In recent years, technological iterations from traditional numerical weather prediction (NWP) systems to deep learning-driven meteorological forecasting methods have played a significant role in promoting the development of S2S weather forecasting. However, many challenges remain in the practical application of S2S. For example, traditional numerical methods mainly rely on solving complex physical equations, which is not only computationally expensive but also time-consuming.While data-driven methods achieve speed, accuracy, and precision in short-term forecasts, autoregressive design-based approaches calculate the next step based on the results of the previous forecast.In longer-term S2S applications, the error accumulates like a snowball, while also ignoring the crucial slow-varying boundary forcing signals in S2S weather forecasting.

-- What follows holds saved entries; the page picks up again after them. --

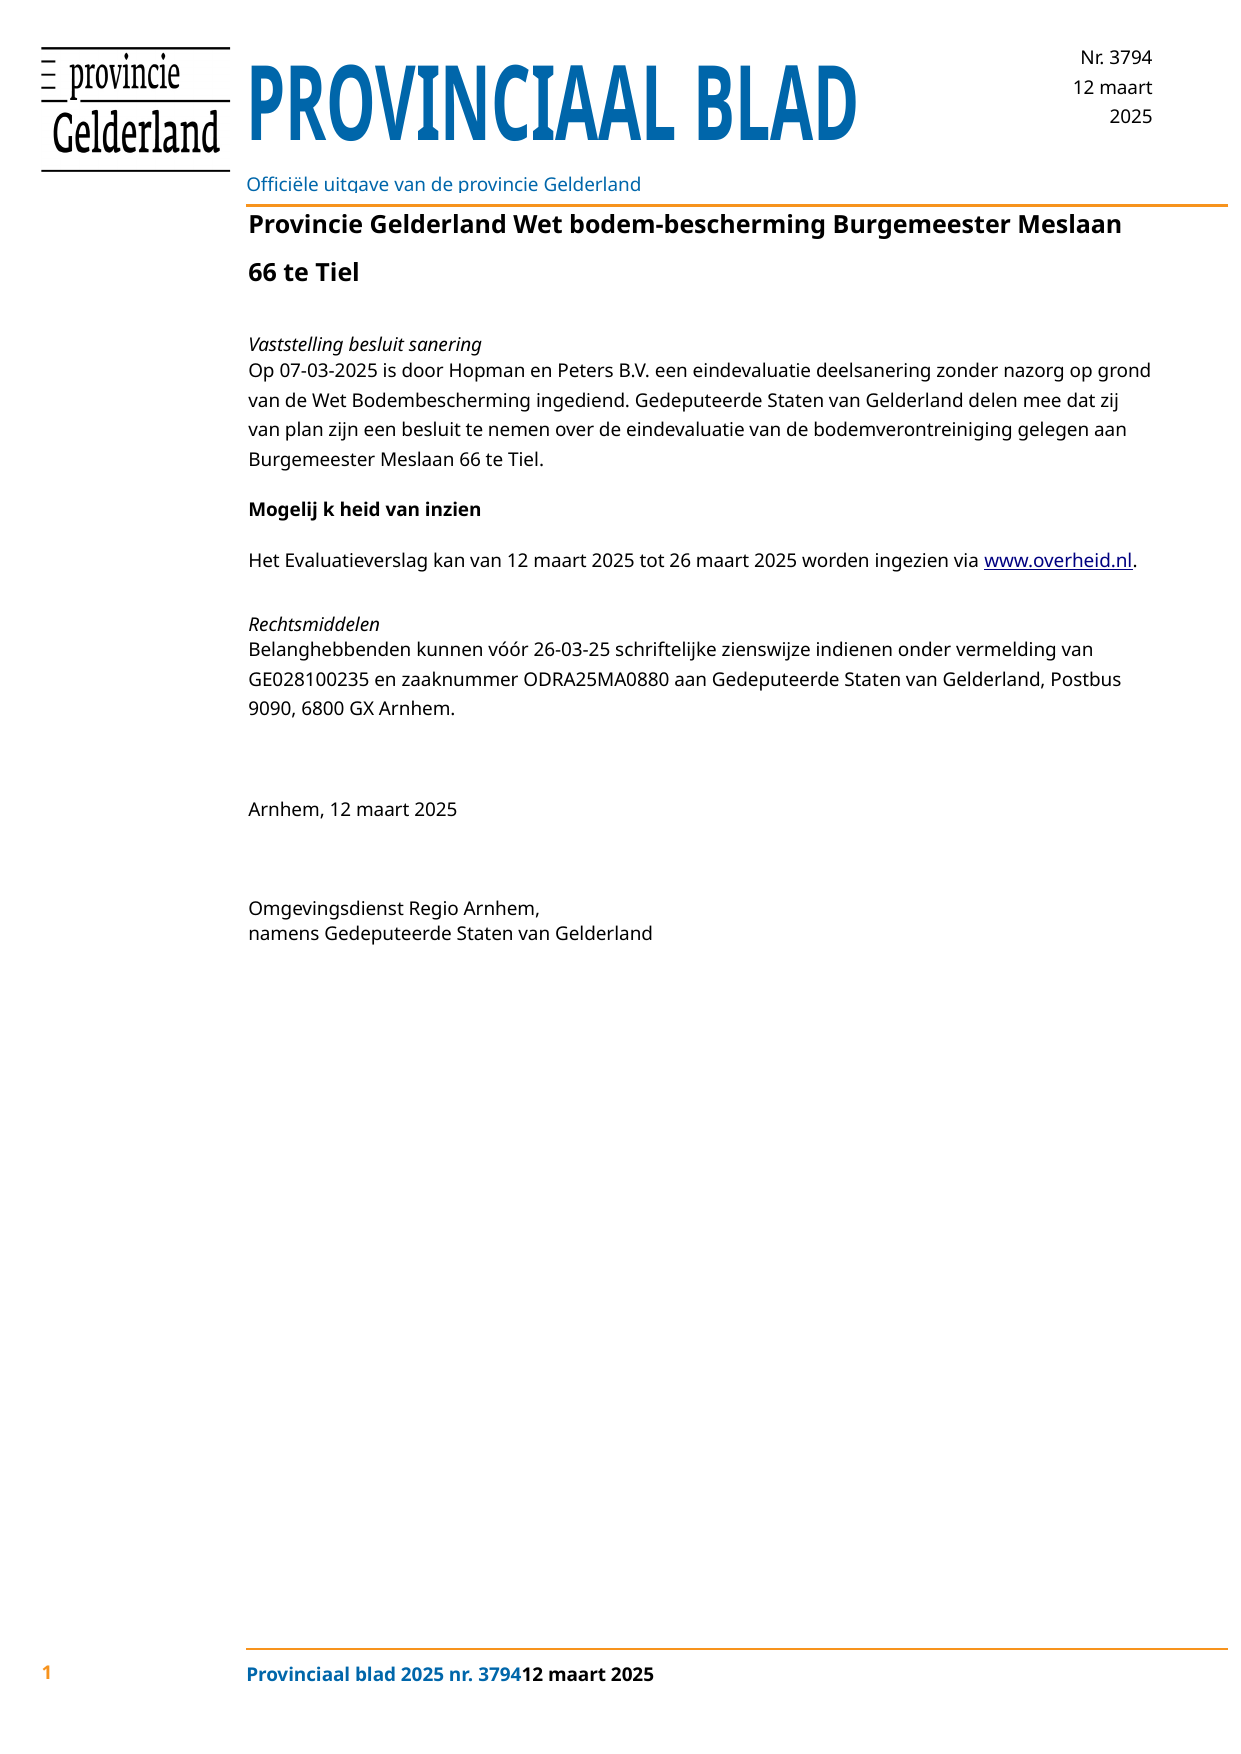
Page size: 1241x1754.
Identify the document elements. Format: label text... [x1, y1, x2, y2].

text namens Gedeputeerde Staten van Gelderland [248, 920, 1152, 946]
picture [41, 47, 231, 172]
text Vaststelling besluit sanering [248, 331, 1152, 357]
text Rechtsmiddelen [248, 611, 1152, 636]
text Op 07-03-2025 is door Hopman en Peters B.V. een eindevaluatie deelsanering zonder nazorg op grond van de Wet Bodembescherming ingediend. Gedeputeerde Staten van Gelderland delen mee dat zij van plan zijn een besluit te nemen over de eindevaluatie van de bodemverontreiniging gelegen aan Burgemeester Meslaan 66 te Tiel. [248, 357, 1152, 472]
text Belanghebbenden kunnen vóór 26-03-25 schriftelijke zienswijze indienen onder vermelding van GE028100235 en zaaknummer ODRA25MA0880 aan Gedeputeerde Staten van Gelderland, Postbus 9090, 6800 GX Arnhem. [248, 636, 1152, 721]
text Omgevingsdienst Regio Arnhem, [248, 895, 1152, 920]
text Mogelij k heid van inzien [248, 496, 1152, 522]
text Provincie Gelderland Wet bodem-bescherming Burgemeester Meslaan 66 te Tiel [248, 207, 1152, 288]
text Arnhem, 12 maart 2025 [248, 796, 1152, 822]
text Het Evaluatieverslag kan van 12 maart 2025 tot 26 maart 2025 worden ingezien via www.overheid.nl. [248, 547, 1152, 572]
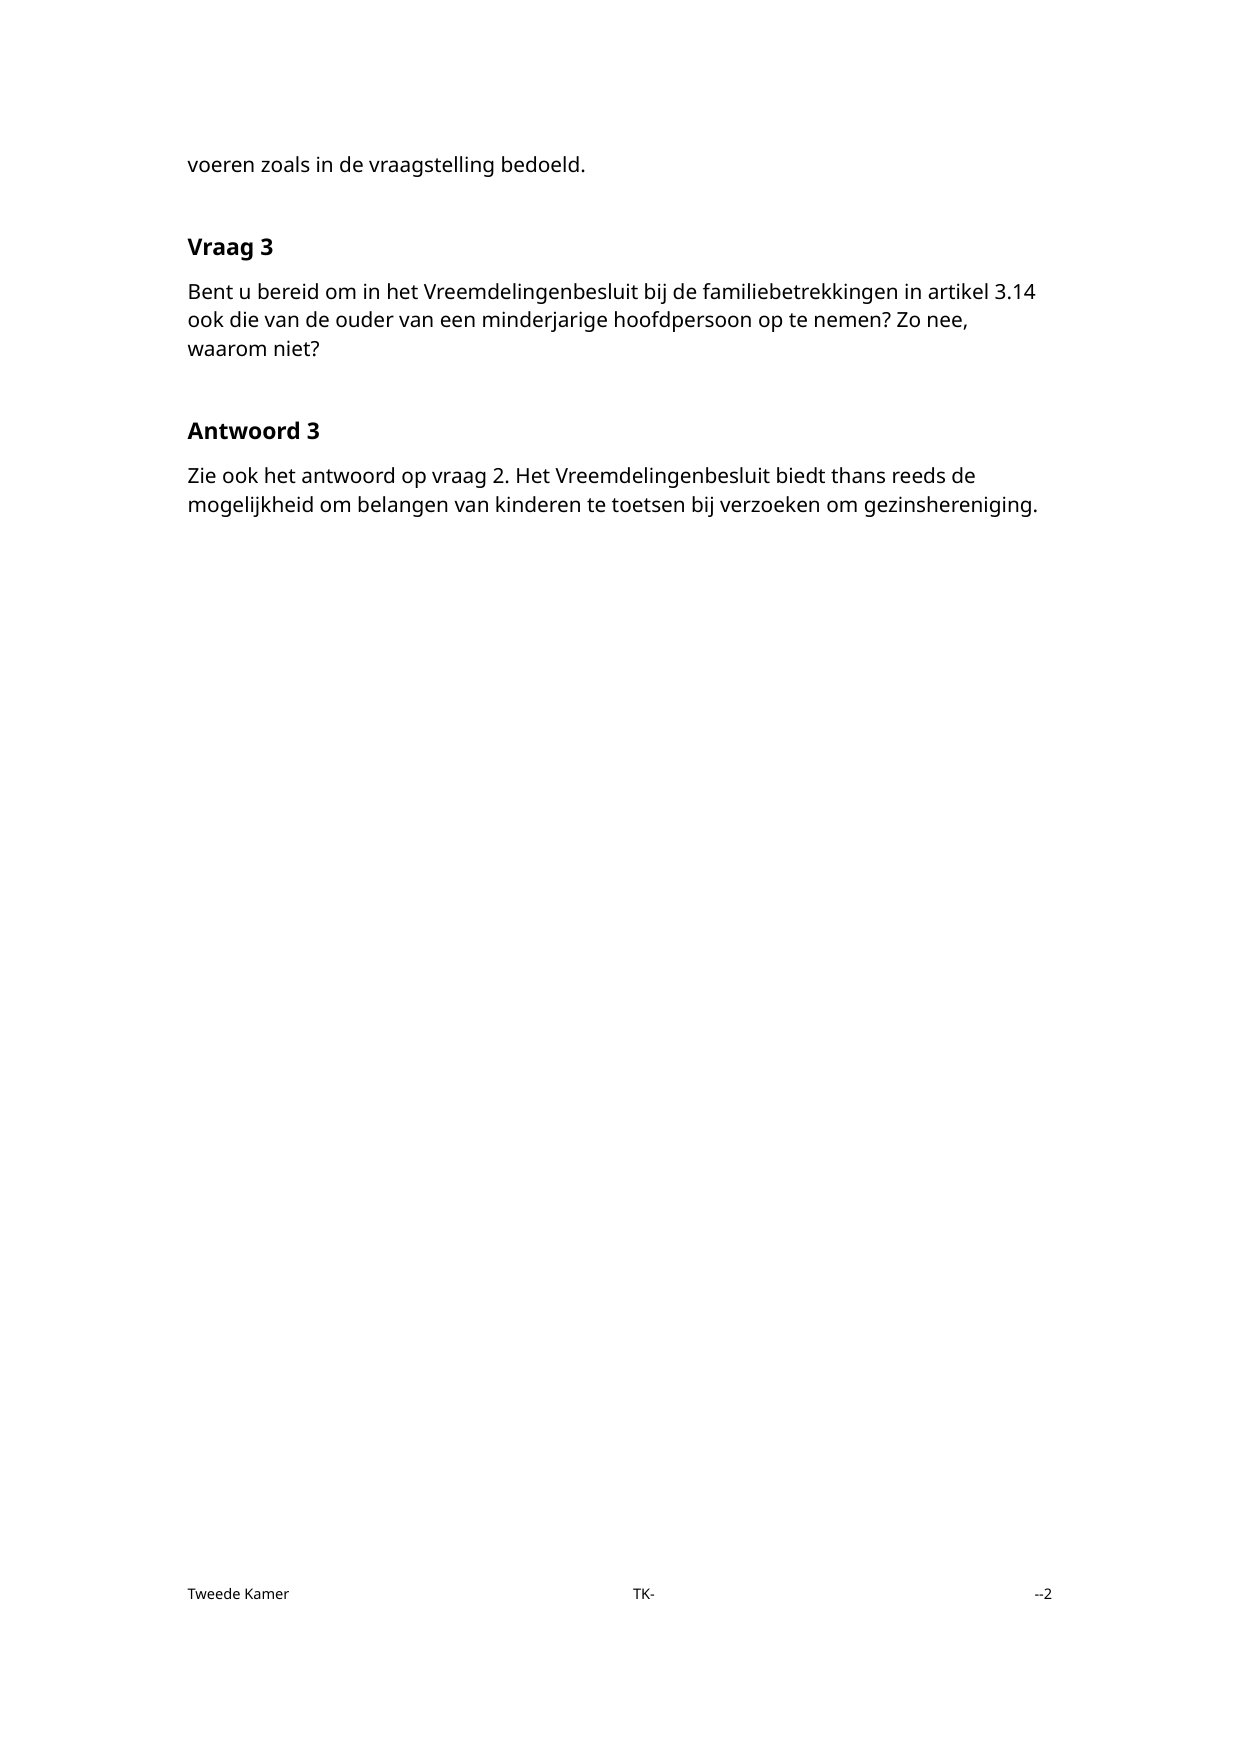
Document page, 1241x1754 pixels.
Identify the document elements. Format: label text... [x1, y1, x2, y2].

text Zie ook het antwoord op vraag 2. Het Vreemdelingenbesluit biedt thans reeds de mogelijkheid om belangen van kinderen te toetsen bij verzoeken om gezinshereniging. [187, 461, 1053, 518]
subtitle Antwoord 3 [187, 415, 1053, 446]
subtitle Vraag 3 [187, 231, 1053, 262]
text voeren zoals in de vraagstelling bedoeld. [187, 150, 1053, 178]
text Bent u bereid om in het Vreemdelingenbesluit bij de familiebetrekkingen in artikel 3.14 ook die van de ouder van een minderjarige hoofdpersoon op te nemen? Zo nee, waarom niet? [187, 277, 1053, 362]
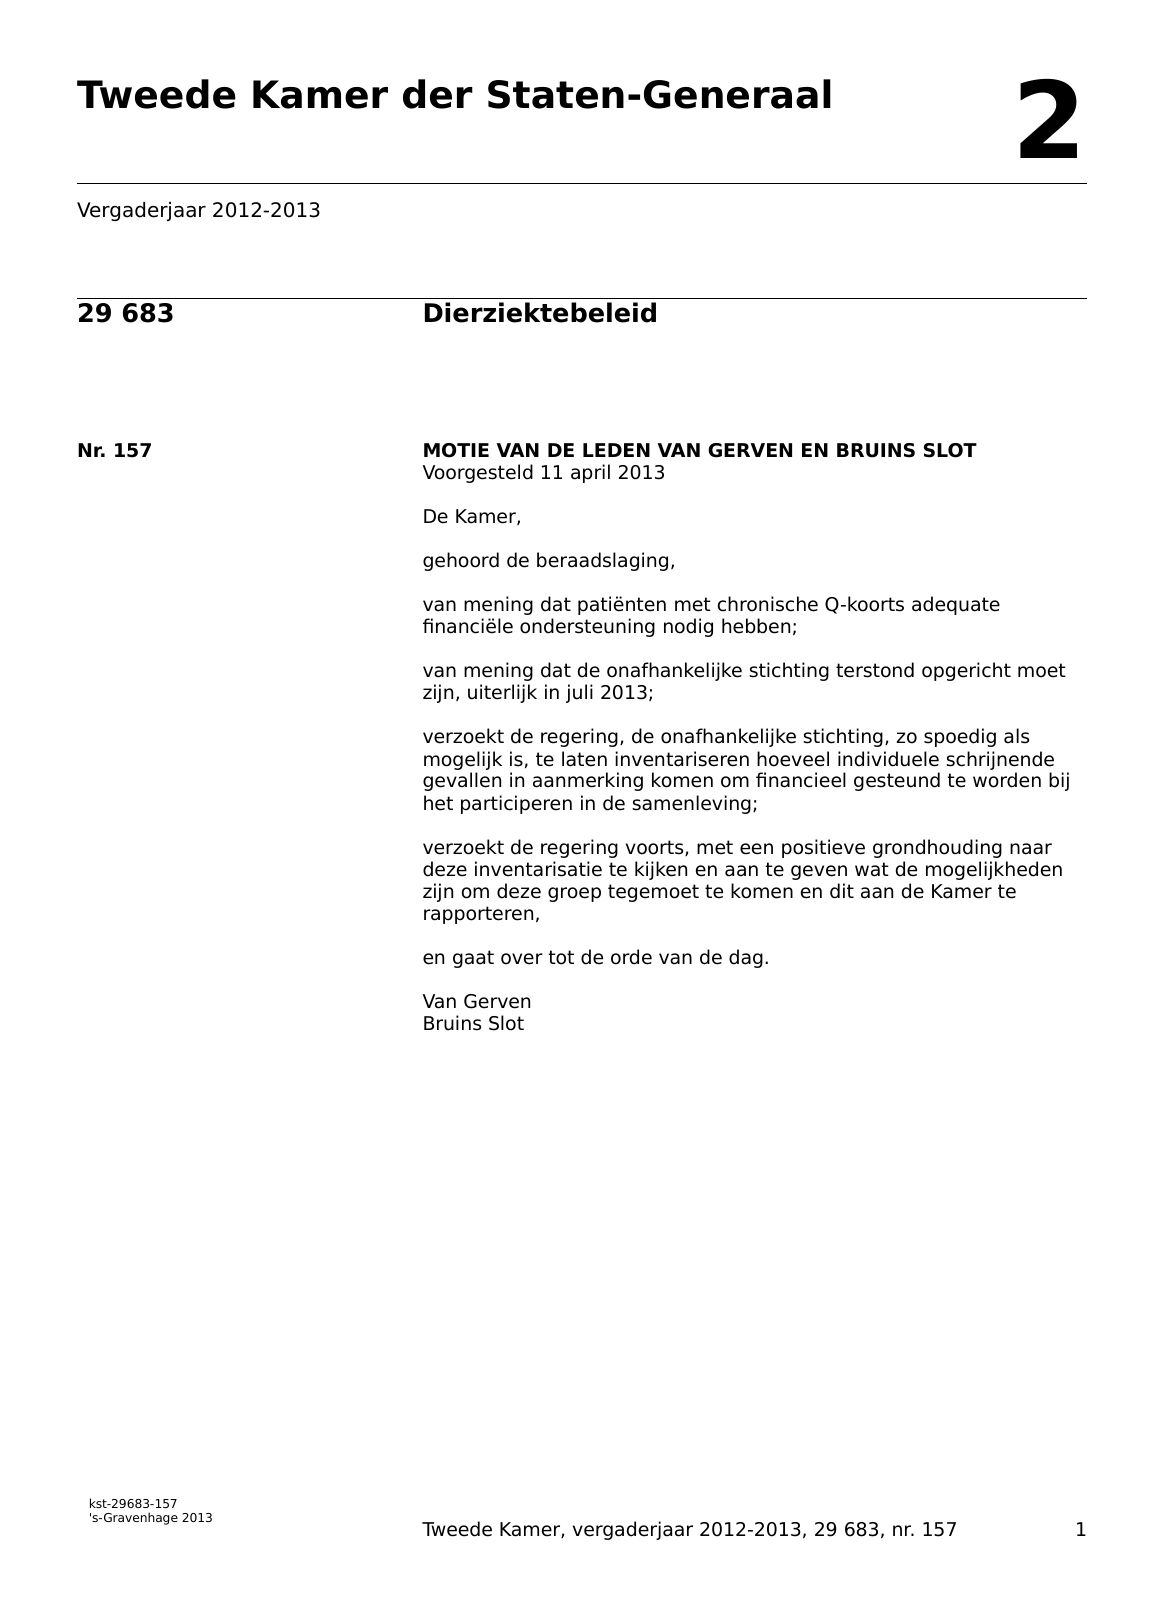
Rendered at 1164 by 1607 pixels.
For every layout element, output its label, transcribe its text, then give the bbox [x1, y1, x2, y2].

text 's-Gravenhage 2013 [88, 1511, 323, 1525]
text gehoord de beraadslaging, [422, 550, 1087, 572]
text Van Gerven [422, 991, 1087, 1013]
table_cell Vergaderjaar 2012-2013 [77, 184, 1087, 298]
text De Kamer, [422, 506, 1087, 528]
text van mening dat patiënten met chronische Q-koorts adequate financiële ondersteuning nodig hebben; [422, 594, 1087, 638]
table_header Tweede Kamer der Staten-Generaal [77, 59, 886, 183]
text verzoekt de regering voorts, met een positieve grondhouding naar deze inventarisatie te kijken en aan te geven wat de mogelijkheden zijn om deze groep tegemoet te komen en dit aan de Kamer te rapporteren, [422, 837, 1087, 924]
text Voorgesteld 11 april 2013 [422, 462, 1087, 484]
text kst-29683-157 [88, 1497, 323, 1511]
text en gaat over tot de orde van de dag. [422, 947, 1087, 969]
text Bruins Slot [422, 1013, 1087, 1035]
table_header 2 [886, 59, 1087, 183]
subtitle Nr. 157 MOTIE VAN DE LEDEN VAN GERVEN EN BRUINS SLOT [77, 440, 1087, 462]
text verzoekt de regering, de onafhankelijke stichting, zo spoedig als mogelijk is, te laten inventariseren hoeveel individuele schrijnende gevallen in aanmerking komen om financieel gesteund te worden bij het participeren in de samenleving; [422, 726, 1087, 814]
text van mening dat de onafhankelijke stichting terstond opgericht moet zijn, uiterlijk in juli 2013; [422, 660, 1087, 704]
subtitle 29 683 Dierziektebeleid [77, 299, 1087, 329]

To address this, a team from UCLA, in collaboration with Argonne National Laboratory, proposed a novel latent diffusion model, OmniCast, for high-precision probabilistic S2S weather forecasting. This model combines a variational autoencoder (VAE) and a Transformer model, employing a joint sampling approach across time and space.It can significantly alleviate the error accumulation problem of autoregressive methods, while also being able to learn weather dynamics beyond the initial conditions.Experiments have shown that the model achieves the best performance of current methods in terms of accuracy, physical consistency, and probabilistic metrics.

The related research, titled "OmniCast: A Masked Latent Diffusion Model for Weather Forecasting Across Time Scales," was selected for NeurIPS 2025, a top AI academic conference.

Research highlights:

By simultaneously considering spatiotemporal dimensions to generate future weather, OmniCast solves the problem of accumulating errors in models based on autoregressive designs.

OmniCast can simultaneously take into account the initial atmospheric information needed for short-term weather forecasting and the slowly varying boundary forcing conditions needed for climate prediction.

* OmniCast outperforms existing methods in accuracy, physical consistency, and probabilistic prediction, and its computation speed is 10-20 times faster than current mainstream methods.

Paper address:

https://go.hyper.ai/YANIu

More AI frontier papers:
https://hyper.ai/papers

Dataset: Based on the widely used ERA5 dataset, adapted for different prediction tasks.

To ensure that OmniCast receives adequate and reasonable support in training and evaluation, the study adopted the ERA5 high-resolution reanalysis dataset, which is widely used in the meteorological field, as the basic data source. Data preprocessing was performed for two different forecasting tasks: medium-range weather forecasting and S2S weather forecasting, to serve as a benchmark set adapted to different task requirements.

Specifically,The study first extracted 69 meteorological variables from the ERA5 reanalysis dataset.It covers two main categories of core indicators:

Ground variables (4 categories):2-meter air temperature (T2m), 10-meter U-wind speed component (U10), 10-meter V-wind speed component (V10), and mean sea level pressure (MSLP);

Atmospheric variables (5 categories):Geopotential height (Z), air temperature (T), U-wind speed component, V-wind speed component, and specific humidity (Q). Atmospheric variables cover 13 pressure layers (unit: hPa), namely 50, 100, 150, 200, 250, 300, 400, 500, 600, 700, 850, 925, and 1000.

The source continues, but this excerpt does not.